Start of Data provided
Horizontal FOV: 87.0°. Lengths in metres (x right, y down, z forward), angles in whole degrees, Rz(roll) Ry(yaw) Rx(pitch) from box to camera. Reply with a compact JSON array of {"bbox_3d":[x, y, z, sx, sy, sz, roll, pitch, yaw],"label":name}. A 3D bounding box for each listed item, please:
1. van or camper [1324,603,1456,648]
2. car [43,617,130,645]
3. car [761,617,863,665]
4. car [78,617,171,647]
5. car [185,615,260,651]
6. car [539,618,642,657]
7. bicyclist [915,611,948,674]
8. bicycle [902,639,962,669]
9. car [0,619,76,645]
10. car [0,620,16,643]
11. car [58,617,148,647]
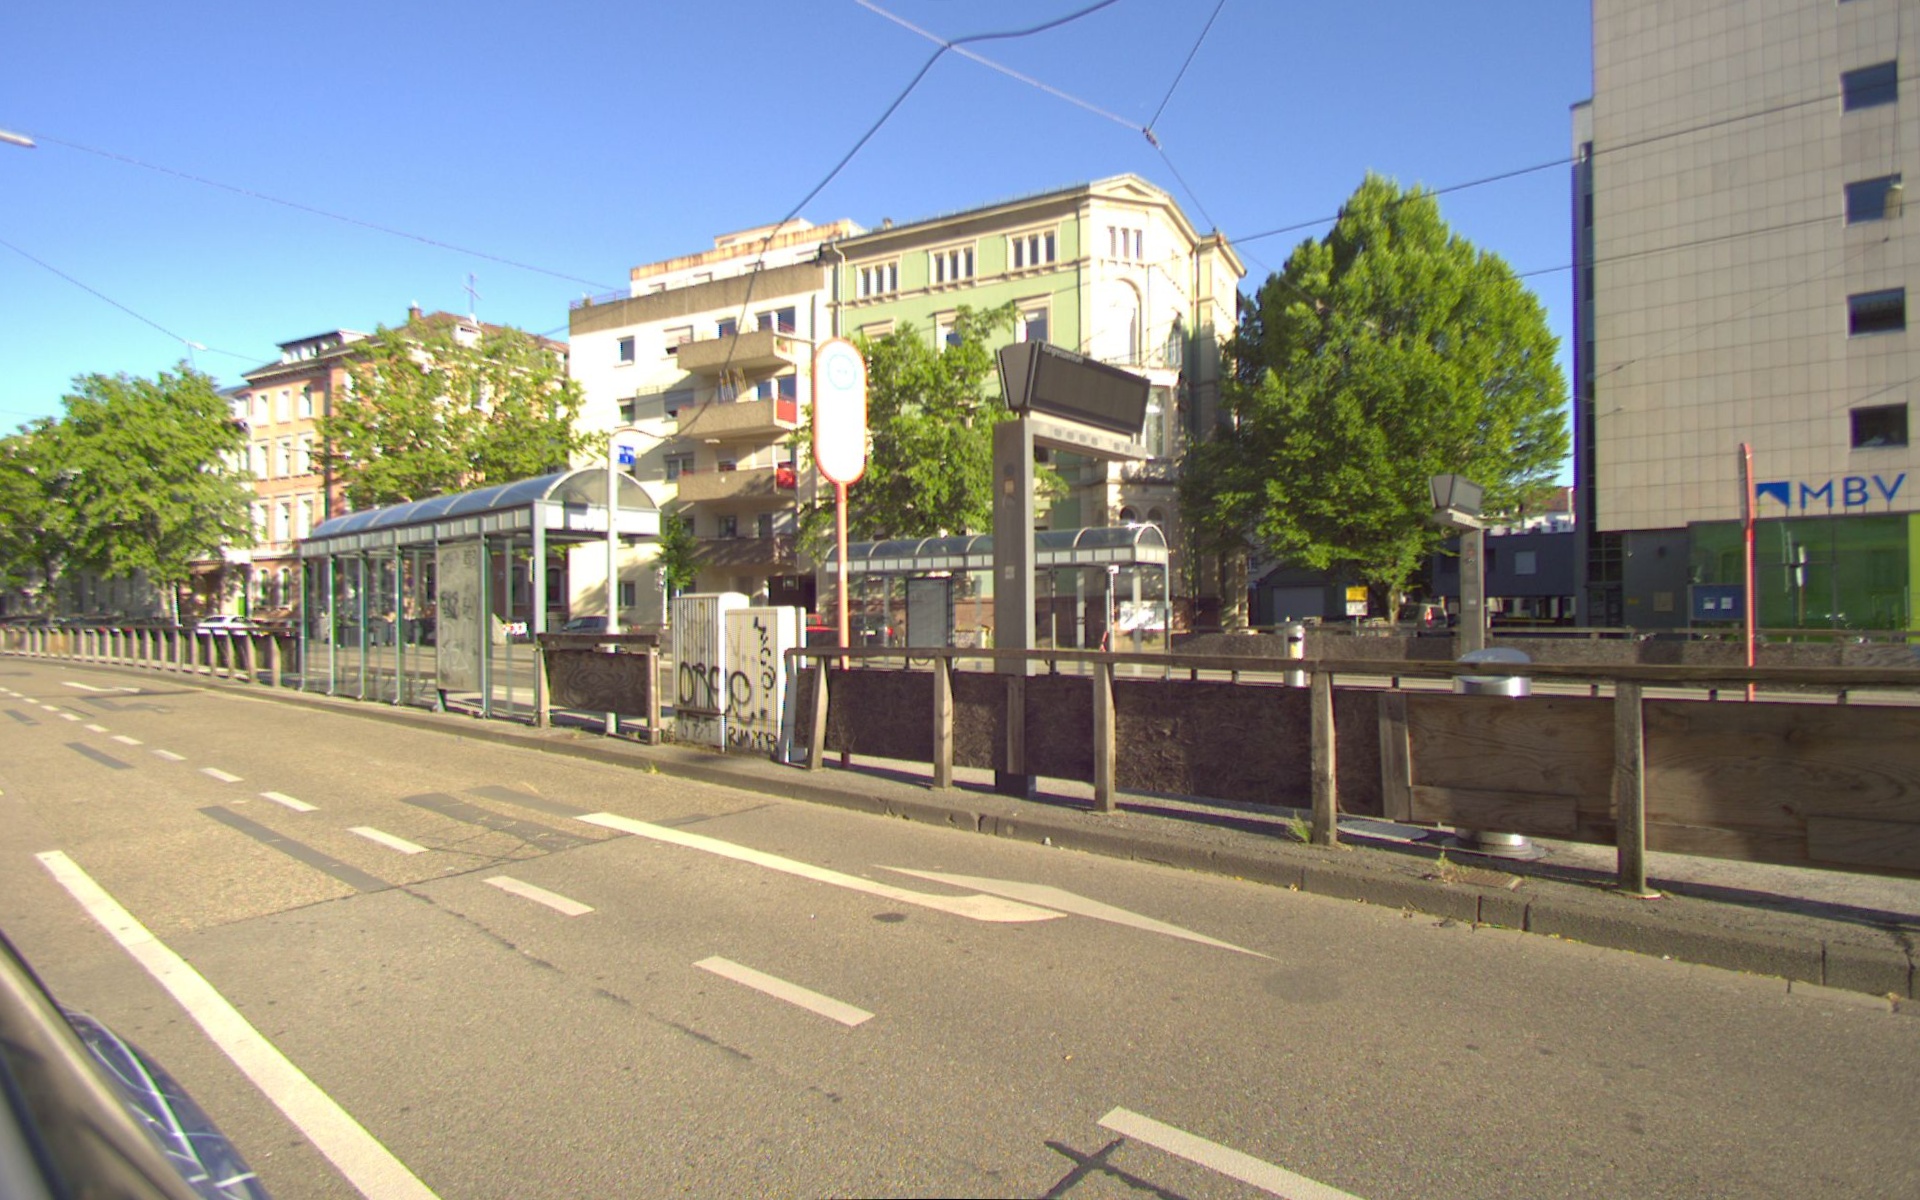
End of Data provided
*What is being asked*: The lines to return run from the line containing "4. car [78,617,171,647]" through the last line of the records. Give them exactly, omitting pictures.

*Expected output*:
4. car [78,617,171,647]
5. car [185,615,260,651]
6. car [539,618,642,657]
7. bicyclist [915,611,948,674]
8. bicycle [902,639,962,669]
9. car [0,619,76,645]
10. car [0,620,16,643]
11. car [58,617,148,647]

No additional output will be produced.